The woman moaned. I then renewed my attentions to her body.
"I gather it has been a long time since you have been touched," I said. "Yes," she said. "Are you disappointed in me? Do I take too long to respond?" "Mother!" cried the girl, scandalized.
"You are not a slave," I said. "You do not have trained, honed reflexes. Smoldering fires have not been set in your belly, never far from the surface, ready to leap into flame at the smallest touch. You are a free woman. I do not expect much of you."
"Oh!" she cried, suddenly.
"Still," I said, "you seem to have in you the promise of vitality." "Oh," she said.
"Interesting," I said.
"Oh!" she said. "Oh!"
"Perhaps, as in all women," I mused, there is a slave in you."
She moaned.
"Or perhaps it is not so much that there is a slave in you," I mused, "as that you are simply a slave."

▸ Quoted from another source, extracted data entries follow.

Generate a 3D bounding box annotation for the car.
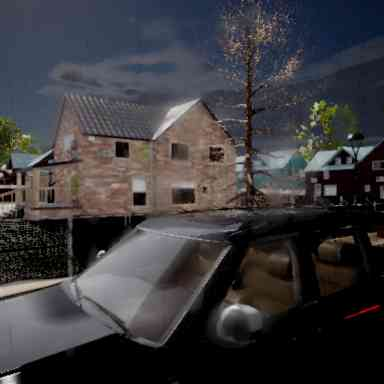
[{"bbox_3d":[0.306,1.220,3.287,5.566,2.045,2.150,0,0,-35],"label":"car"}]
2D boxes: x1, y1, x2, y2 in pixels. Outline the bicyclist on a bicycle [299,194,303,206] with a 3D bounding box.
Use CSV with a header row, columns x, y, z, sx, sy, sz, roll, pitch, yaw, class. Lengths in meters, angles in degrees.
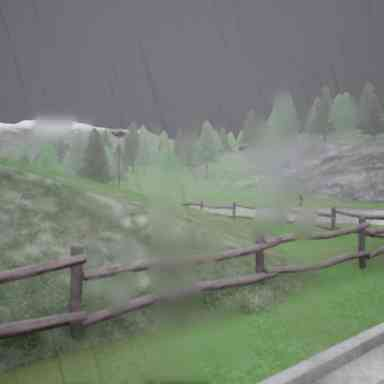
x,y,z,sx,sy,sz,roll,pitch,yaw,class
14.368,1.127,43.845,0.582,1.620,1.656,0,0,34,bicyclist on a bicycle
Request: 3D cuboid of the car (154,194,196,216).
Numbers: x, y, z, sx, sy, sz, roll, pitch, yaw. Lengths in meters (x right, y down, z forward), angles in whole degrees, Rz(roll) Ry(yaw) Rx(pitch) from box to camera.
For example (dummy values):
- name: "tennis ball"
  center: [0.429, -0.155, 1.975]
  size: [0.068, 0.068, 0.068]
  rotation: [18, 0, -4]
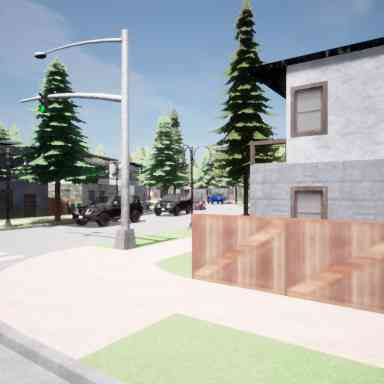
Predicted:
- name: "car"
  center: [-1.747, 1.202, 32.471]
  size: [2.150, 2.045, 5.566]
  rotation: [0, 0, 18]

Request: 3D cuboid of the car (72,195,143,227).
- name: "car"
  center: [-5.640, 1.202, 23.094]
  size: [2.150, 2.045, 5.566]
  rotation: [0, 0, 27]

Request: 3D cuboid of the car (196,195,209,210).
- name: "car"
  center: [0.510, 1.333, 42.070]
  size: [2.097, 1.767, 4.553]
  rotation: [0, 0, 9]

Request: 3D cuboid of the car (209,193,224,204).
- name: "car"
  center: [4.266, 1.202, 60.854]
  size: [2.150, 2.045, 5.566]
  rotation: [0, 0, -9]
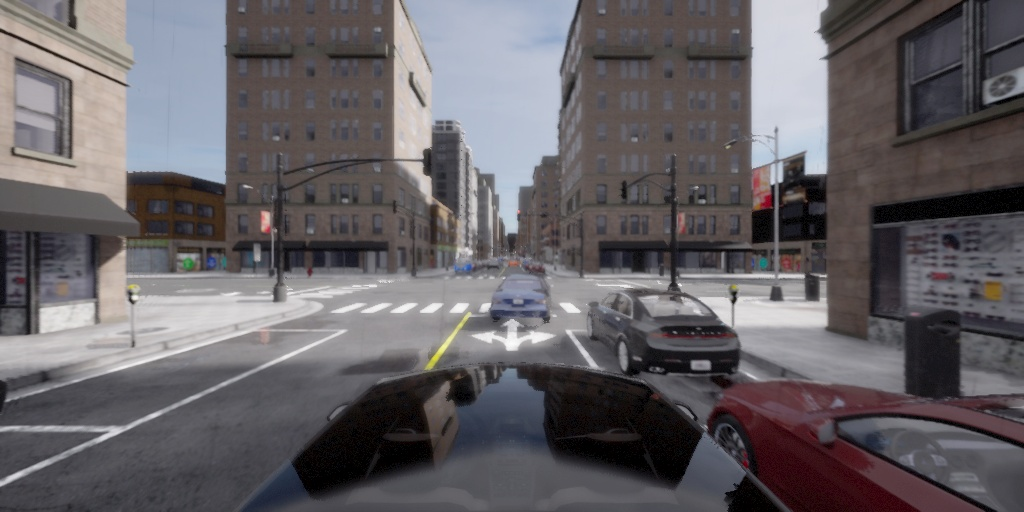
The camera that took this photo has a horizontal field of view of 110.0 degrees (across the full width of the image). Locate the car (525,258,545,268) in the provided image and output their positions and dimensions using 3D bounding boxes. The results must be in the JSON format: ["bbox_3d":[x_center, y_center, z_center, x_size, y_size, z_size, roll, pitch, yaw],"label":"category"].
[{"bbox_3d":[2.825,1.279,41.904,1.967,1.591,4.097,0,0,0],"label":"car"}]

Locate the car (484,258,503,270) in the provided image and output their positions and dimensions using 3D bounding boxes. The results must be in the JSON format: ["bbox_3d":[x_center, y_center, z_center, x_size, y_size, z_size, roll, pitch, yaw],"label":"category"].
[{"bbox_3d":[-2.854,1.376,55.038,1.837,1.490,4.892,0,-1,1],"label":"car"}]

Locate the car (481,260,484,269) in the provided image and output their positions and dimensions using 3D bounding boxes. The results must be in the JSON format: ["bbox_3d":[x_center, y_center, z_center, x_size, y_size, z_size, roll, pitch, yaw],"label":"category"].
[{"bbox_3d":[-5.647,1.431,53.279,1.948,1.339,4.313,0,0,0],"label":"car"}]

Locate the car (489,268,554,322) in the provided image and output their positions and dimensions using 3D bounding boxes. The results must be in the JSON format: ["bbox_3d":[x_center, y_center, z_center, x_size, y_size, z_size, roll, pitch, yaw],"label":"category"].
[{"bbox_3d":[0.448,1.321,12.464,2.033,1.411,5.357,0,0,6],"label":"car"}]

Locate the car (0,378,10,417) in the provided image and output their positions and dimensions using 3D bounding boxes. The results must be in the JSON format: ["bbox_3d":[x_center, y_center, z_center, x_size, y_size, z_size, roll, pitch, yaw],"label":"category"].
[{"bbox_3d":[-5.857,1.301,1.658,2.007,1.370,4.403,0,0,0],"label":"car"}]

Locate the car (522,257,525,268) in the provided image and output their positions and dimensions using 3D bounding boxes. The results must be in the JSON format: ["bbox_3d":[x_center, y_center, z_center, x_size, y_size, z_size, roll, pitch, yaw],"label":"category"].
[{"bbox_3d":[2.879,1.305,53.243,1.967,1.591,4.097,0,0,0],"label":"car"}]

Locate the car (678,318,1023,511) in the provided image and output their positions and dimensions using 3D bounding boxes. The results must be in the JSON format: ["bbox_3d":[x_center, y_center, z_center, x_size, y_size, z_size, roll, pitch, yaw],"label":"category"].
[{"bbox_3d":[2.669,1.332,1.661,1.802,1.307,4.207,0,0,0],"label":"car"}]

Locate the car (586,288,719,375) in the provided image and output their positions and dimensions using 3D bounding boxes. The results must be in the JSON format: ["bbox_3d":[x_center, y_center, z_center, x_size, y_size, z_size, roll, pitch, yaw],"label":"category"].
[{"bbox_3d":[2.671,1.312,7.255,2.007,1.370,4.403,0,0,0],"label":"car"}]

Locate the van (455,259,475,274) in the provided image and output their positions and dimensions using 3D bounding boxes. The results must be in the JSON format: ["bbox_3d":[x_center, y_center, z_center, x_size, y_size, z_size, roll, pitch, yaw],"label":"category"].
[{"bbox_3d":[-5.701,1.180,41.943,1.690,1.789,3.998,0,0,0],"label":"van"}]

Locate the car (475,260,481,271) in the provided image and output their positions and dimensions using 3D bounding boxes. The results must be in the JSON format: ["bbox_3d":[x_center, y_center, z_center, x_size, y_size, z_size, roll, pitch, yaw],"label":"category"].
[{"bbox_3d":[-5.674,1.292,47.611,1.967,1.591,4.097,0,0,0],"label":"car"}]
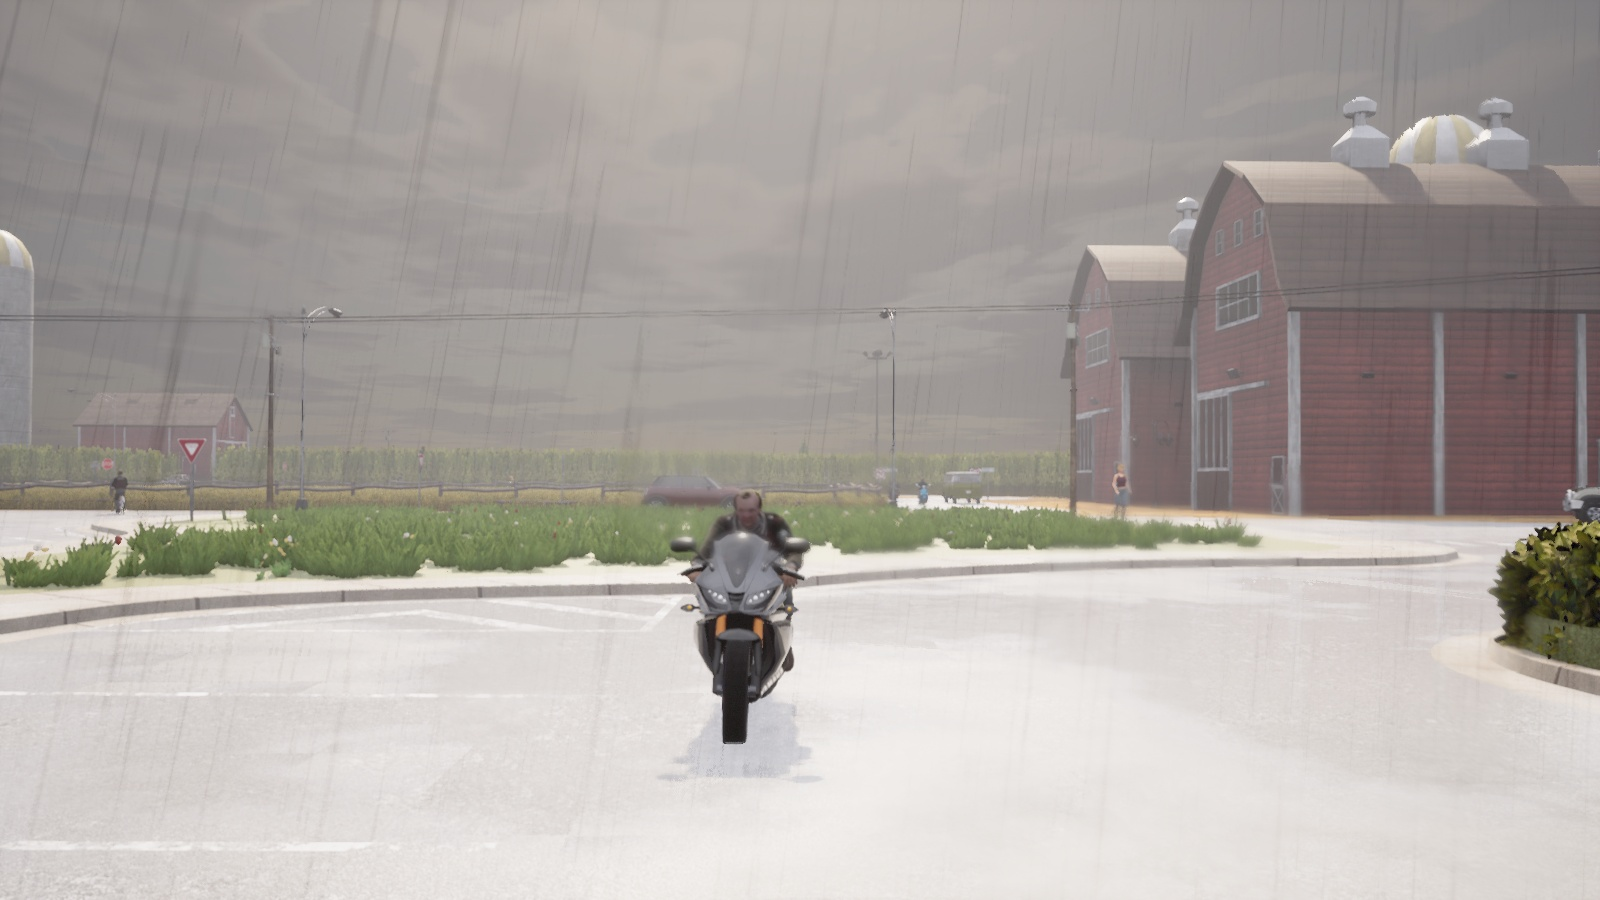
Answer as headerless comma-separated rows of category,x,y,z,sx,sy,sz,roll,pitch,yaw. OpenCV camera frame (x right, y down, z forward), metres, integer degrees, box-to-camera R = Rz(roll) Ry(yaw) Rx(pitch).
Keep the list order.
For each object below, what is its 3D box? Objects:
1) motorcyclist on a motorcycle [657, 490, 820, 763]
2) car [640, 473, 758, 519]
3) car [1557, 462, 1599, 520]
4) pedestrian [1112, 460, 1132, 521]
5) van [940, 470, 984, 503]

"Please do not make me yield!" she begged, suddenly. I continued to caress her. "Be silent!" she said. "Be silent! Can't you see I am in the hands of a man!" "Mother!" cried the girl. "Oh!" cried the woman.
"You squirm like a slut!" cried the girl.
"What you are doing to me!" cried the woman, half rearing up on the palms of her hands, the chains on her wrists.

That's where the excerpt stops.